The phase 4 study, coded PASO DOBLE, found that among Spanish patients who already had their HIV under control, switching to Dovato worked as well as to Biktarvy in maintaining viral suppression after 48 weeks of treatment.

At the time of the analysis, 2.2% of 277 Dovato takers had snapshot viral RNA at or above 50 copies/mL in their blood samples, compared with 0.7% of 276 patients on Biktarvy. The 1.4-percentage-point difference met the trial’s prespecified non-inferiority margin of 4%. The results will be presented at the 25th International AIDS Conference in Munich, Germany.

The study was sponsored by the SEIMC-GeSIDA Foundation and conducted across 30 sites across Spain. It recruited virologically suppressed patients who were taking multi-tablet regimens, or using older, more toxic drugs such as efavirenz or tenofovir disoproxil fumarate (TDF). Both Dovato and Biktarvy are given as a single pill per day.

In a key secondary endpoint, the trial found that Biktarvy takers experienced significantly more weight gain than their Dovato-receiving counterparts. The adjusted mean change in body weight was 1.81kg (3.99lbs) and 0.89kg (1.96lbs) for the two groups, respectively, during the 48 weeks.

The proportion of individuals who experienced weight gain of more than 5% was significantly higher for Biktarvy, at 29.9%, than it was for Dovato, at 20%.

Further, the weight-gain difference appeared to be more pronounced when a patient switched from a TDF-containing regimen. Among those patients, 40.7% of individuals in the Biktarvy arm had more than 5% weight gain, versus 19.5% for Dovato. Biktarvy contains the newer, less toxic tenofovir alafenamide fumarate (TAF), while Dovato doesn’t use tenofovir.

“This is a meaningful outcome, as treatment-related weight gain is an important topic for many people living with HIV,” Harmony Garges, M.D., chief medical officer at GSK’s ViiV Healthcare, said in a statement.

Weight gain is a known effect associated with certain HIV meds, including integrase inhibitors such as dolutegravir used in Dovato and bictegravir used in Biktarvy. It’s also an issue with TAF, with the combination of the two mechanisms known to be more likely to cause weight increases.

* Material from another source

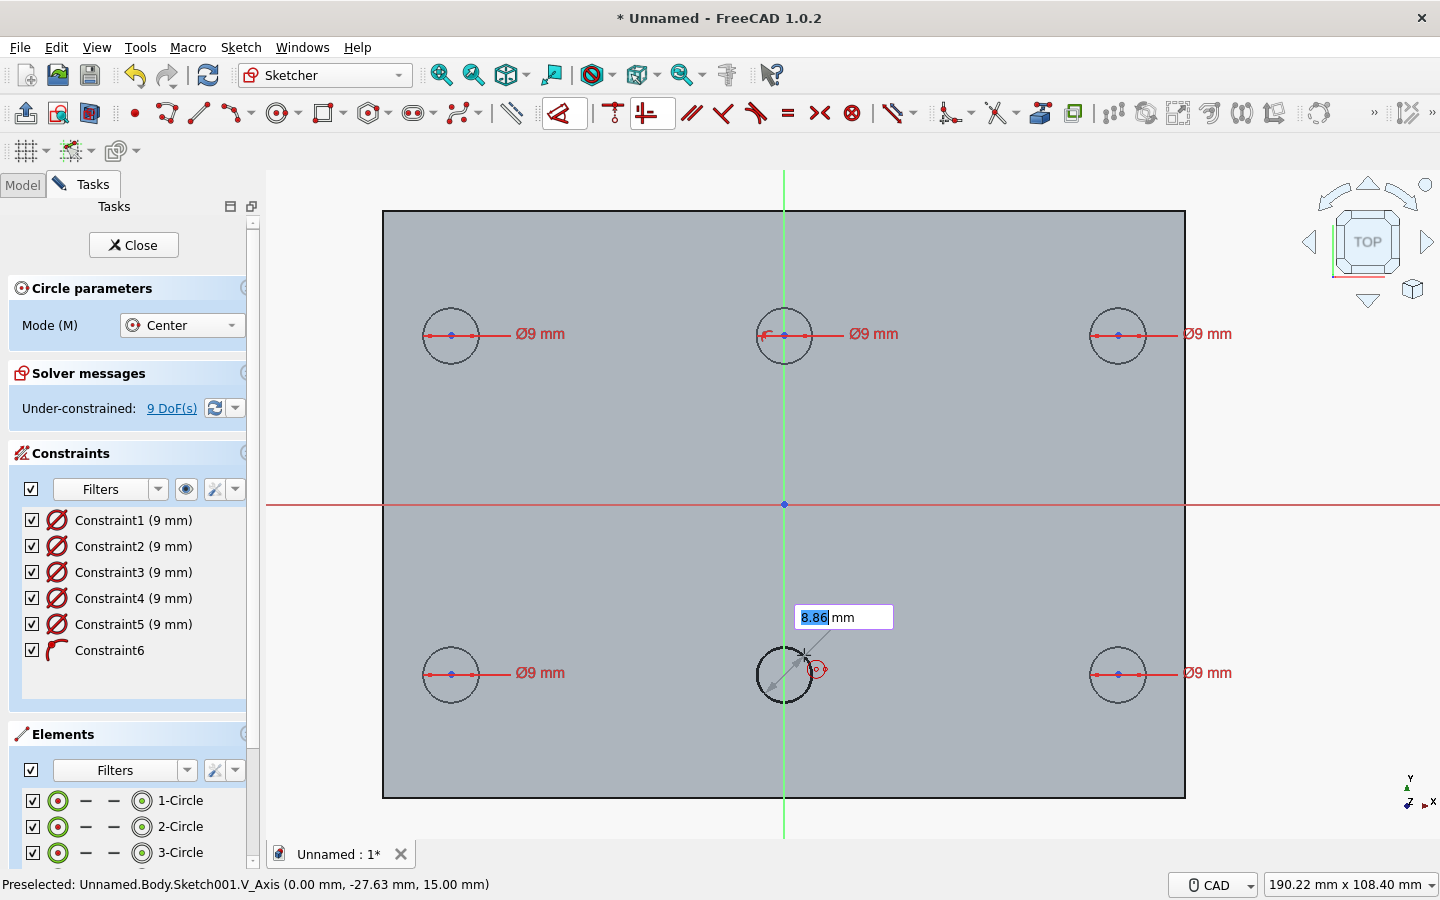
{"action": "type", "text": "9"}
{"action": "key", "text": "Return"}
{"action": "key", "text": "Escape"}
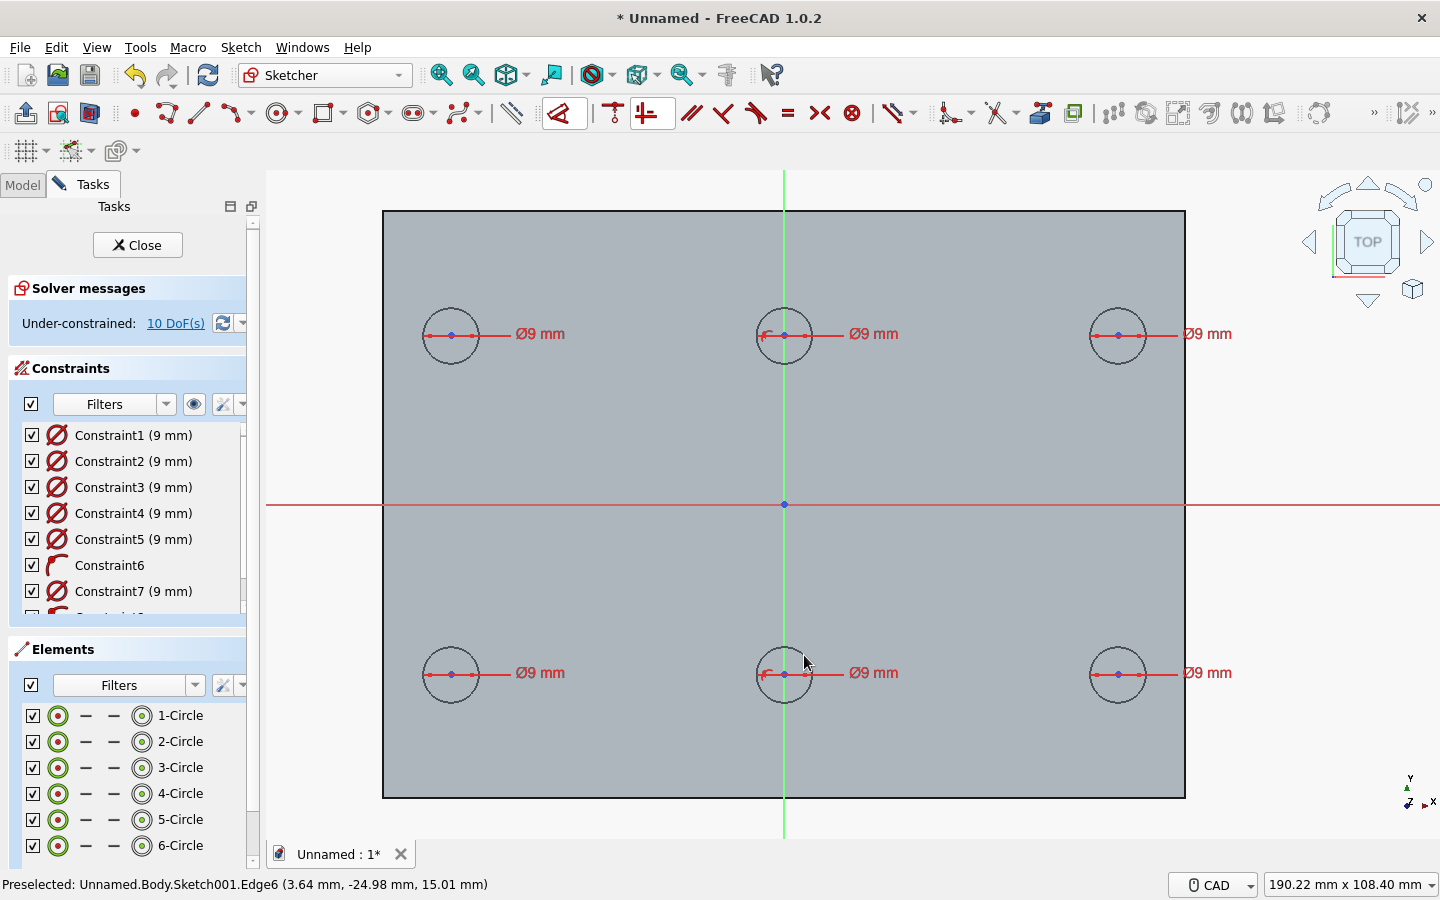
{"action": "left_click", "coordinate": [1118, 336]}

“The HIV treatment regimens that are commonly prescribed today are all highly effective, which makes it critical that we study the impact of these therapies beyond just viral suppression,” Esteban Martínez, M.D., Ph.D., lead investigator of the PASO DOBLE trial, added in a statement.

The exact mechanisms for weight gain remain unclear. Various hypotheses have explained the phenomenon as a result of immune recovery or an improved appetite thanks to the newer drugs’ tolerability advances. But no conclusion has been reached.

As Martínez duly noted, HIV medications are already highly efficacious. So for next-generation therapies, companies have been focusing on their features beyond efficacy, including reducing side effects or dosing frequency.

Dovato marks GSK’s effort in the first category. By slashing the number of drug ingredients from three to two, Dovato was designed to avoid some longer-term toxicities for patients.

The key competition between GSK and Gilead now lies in the development of longer-acting regimens based on two-drug constructs. GSK has attracted some followers with its bimonthly injection Cabenuva. But the British pharma has acknowledged that even longer dosing intervals will be necessary to make a bigger impact. Gilead is slightly ahead with its twice-a-year drug Sunlenca and is actively looking to develop a complete regimen based on the capsid inhibitor.